COLUNA KATIA VELO NO JORNAL FOLHA DA MULHER
P Á S C O A. MUITO MAIS DO QUE CHOCOLATE, COELHOS OU BACALHAU.
SER CRIANÇA, NA RUA, NA CHUVA, OU…
Quando eu era criança, todo mundo brincava e brigava na rua. Tinha as crianças mais dengosas, as mais briguentas, as que se davam bem em todos os jogos, os riquinhos, pois tinham mais brinquedos. Não me encaixava em nenhum destes grupos, mas queria fazer parte do grupo das que jogavam bem. E este grupo era das pretinhas. Era assim que a gente as chamava. E não era uma forma de xingamento não. Era uma forma carinhosa, pelo menos era o que eu sentia, pois tinha tanta vontade de ser como elas que pedia para a minha mãe fazer trancinhas no meu cabelo como as delas. Brincar na rua era sempre uma delícia, ruim mesmo era quando chovia e podia ser chuva de prego ou canivete que estava eu lá na porta da cozinha, chorando como uma louca para ir brincar. Mas, minha mãe falava não uma única vez, depois nem ligava para meu choro. Brincar e correr até cair e esfolar joelhos e cotovelos, mas sem reclamar para não apanhar (de novo) em casa. Na verdade, não me lembro de ter apanhado muito, mas as poucas vezes em que isto acontecia, fazia um verdadeiro drama, transformava numa tragédia. Tanto que ficava me imaginando dentro de um caixão branco, com flores brancas e roupas brancas e minha mãe chorando desesperadamente pedindo meu perdão.

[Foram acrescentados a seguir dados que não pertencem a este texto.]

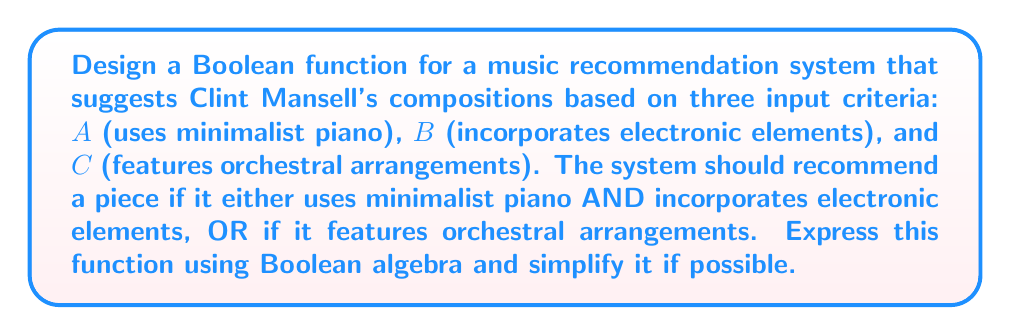Teach me how to tackle this problem. Let's approach this step-by-step:

1) First, we need to translate the given conditions into a Boolean expression:
   - Condition 1: Uses minimalist piano AND incorporates electronic elements
   - Condition 2: Features orchestral arrangements
   
   The piece should be recommended if either of these conditions is true.

2) We can express this as:
   $$ F = (A \cdot B) + C $$

   Where $\cdot$ represents AND, and $+$ represents OR.

3) This expression is already in its simplest form, known as the sum-of-products (SOP) form. It cannot be simplified further using Boolean algebra laws.

4) To verify, we can create a truth table:

   | A | B | C | F |
   |---|---|---|---|
   | 0 | 0 | 0 | 0 |
   | 0 | 0 | 1 | 1 |
   | 0 | 1 | 0 | 0 |
   | 0 | 1 | 1 | 1 |
   | 1 | 0 | 0 | 0 |
   | 1 | 0 | 1 | 1 |
   | 1 | 1 | 0 | 1 |
   | 1 | 1 | 1 | 1 |

5) The truth table confirms that the function recommends a piece when either $(A \cdot B)$ is true or when $C$ is true, which matches our original requirements.

Therefore, the Boolean function $F = (A \cdot B) + C$ accurately represents the desired music recommendation system for Clint Mansell's compositions.
Answer: $F = (A \cdot B) + C$ 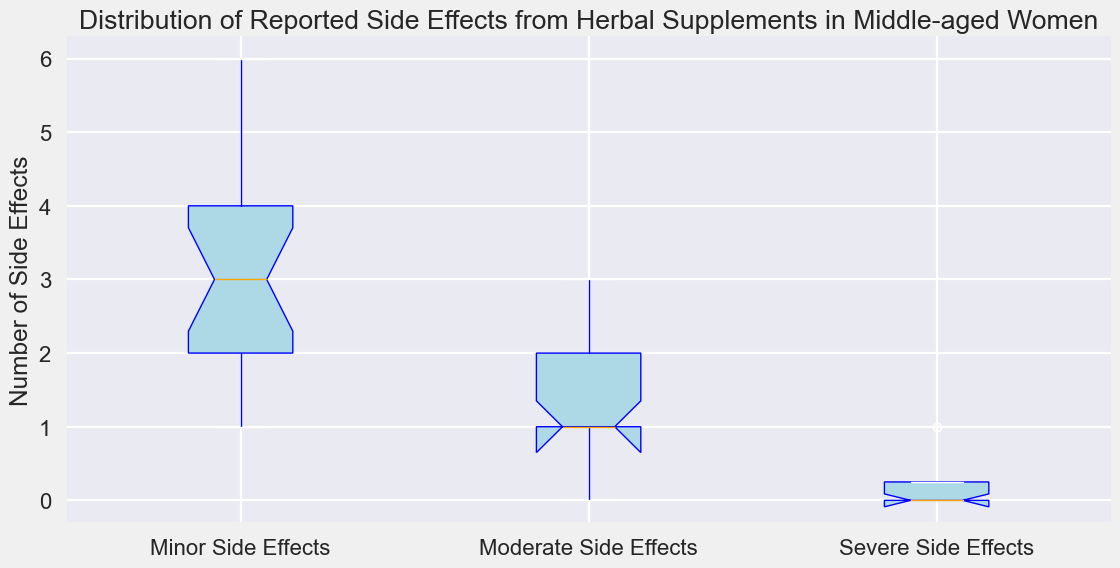Which category of side effects has the highest median value? The orange line in each box represents the median value. The box for "Minor Side Effects" has the highest median line compared to the boxes for "Moderate Side Effects" and "Severe Side Effects"
Answer: Minor Side Effects Between "Moderate Side Effects" and "Severe Side Effects", which has a wider distribution of reported side effects? The length of the boxes and the whiskers indicate distribution. The box and whiskers for "Moderate Side Effects" are longer compared to those for "Severe Side Effects," indicating a wider distribution
Answer: Moderate Side Effects By comparing the heights of the boxes, which side effect category shows the least variability? The variability is represented by the height of the boxes. The "Severe Side Effects" box is the shortest, indicating the least variability
Answer: Severe Side Effects What is the range of minor side effects reported? The range is found by subtracting the minimum value from the maximum value represented by the whiskers. For "Minor Side Effects," the minimum is 1, and the maximum is 6, so the range is 6 - 1 = 5
Answer: 5 Are there any side effects where the median value is zero? The orange median lines within the boxes indicate the median values. None of the categories have a median line at zero
Answer: No Which category of side effects has outliers represented by red markers? The red markers indicate outliers. In this plot, only "Moderate Side Effects" has red markers indicating outliers
Answer: Moderate Side Effects How many data points fall below the lower whisker of the "Moderate Side Effects" category? Red markers below the lower whisker of "Moderate Side Effects" represent outlying data points. There is one red marker indicating one outlier below the lower whisker
Answer: 1 What is the interquartile range (IQR) of "Severe Side Effects"? IQR is the difference between the third quartile (Q3) and first quartile (Q1). For "Severe Side Effects," Q3 is 1 and Q1 is 0. So, the IQR is 1 - 0 = 1
Answer: 1

NA ESCOLA, ESTUDAR E APRENDER A CONVIVER
Outras lembranças boas que tenho são da escola onde tinha muitas crianças, mais do que na minha rua inteira. Era um corre-corre, uma bagunça. Inicialmente tive dificuldade para reconhecer as letras, pois antes, só tinha feito bolinhas e risquinhos no caderno e cantava e brincava na escolinha, o que foi ótimo! Queria muito entender o que eram aqueles signos (as letras). No começo foi um pouco difícil, mas logo entendi como aquilo funcionava e então fiquei encantada. Quando consegui entender que a letra b com a, dava ba e ba mais ba, formava babá, logo já estava lendo tudo o que aparecia pela frente. Aprender a ler foi realmente mágico! Neste período escolar, os xingamentos eram muito comuns. Chamavam-me de “saco de osso”. Eu era realmente magra nesta época. Não dava para diferenciar a canela da perna, era uma coisa só, os braços eram gravetos. Engraçado como não me abalava com estas coisas, mas não era só eu, todos encaravam como algo normal. Se aquilo cansava muito, o negócio era partir pra briga, mas nunca gostei disto, já pensava na roupa que iria sujar, o cabelo despentear e na surra que iria levar em casa, então não valia a pena.
PÁSCOA SEM CHOCOLATE, MAS MUITO DOCE.
Minhas maiores ambições era ganhar uma roupa nova no aniversário e uma boneca no Natal. Eram só estas datas mesmo. Não tinha Dia da Criança, Páscoa, etc. No resto do ano, tanto as roupas como os brinquedos herdávamos de primos mais velhos. O vestido de noiva da minha mãe foi reformado e foi o meu vestido da primeira comunhão. Aliás, lembro-me perfeitamente deste período, gostava tanto das aulas de catecismo que pensei firmemente em ser freira. No dia da minha primeira comunhão, uma amiga da minha mãe me levou a um convento na Av. Santo Amaro (São Paulo/SP) e senti-me tão bem, tão calma neste lugar que pensei que morar lá, seria como estar no céu. Neste dia, compreendi que religião não era saber tudo o que a catequista ensinava, mas estar próximo de algo Divino é um sentimento pleno que nos enche de paz e amor. E por que contei tudo isto! Quero convidar você a fazer o mesmo. Vasculhe suas memórias, relembre seu tempo de criança. E não é para achar que aquele tempo é melhor do que o de hoje, pois o que já foi, já era. Mas, que aquele foi o seu momento. Reviva suas emoções. Descomplique. Veja como lidávamos com preconceito, bullying, falta de dinheiro, brigas, entre outras coisas, de forma mais simples, sem tanto peso. Não queira achar uma explicação para tudo. Reencontre a criança que você foi, pois lá está o seu verdadeiro eu. E, não há bacalhau ou chocolate que possa substituir esta plenitude. E é com este mesmo espírito que a convoco a resgatar o que há de mais puro e verdadeiro e vivencie-o. Ressuscite os seus verdadeiros e profundos sentimentos. Relembre, Reviva, Reencontre e Resgate o verdadeiro significado da Páscoa!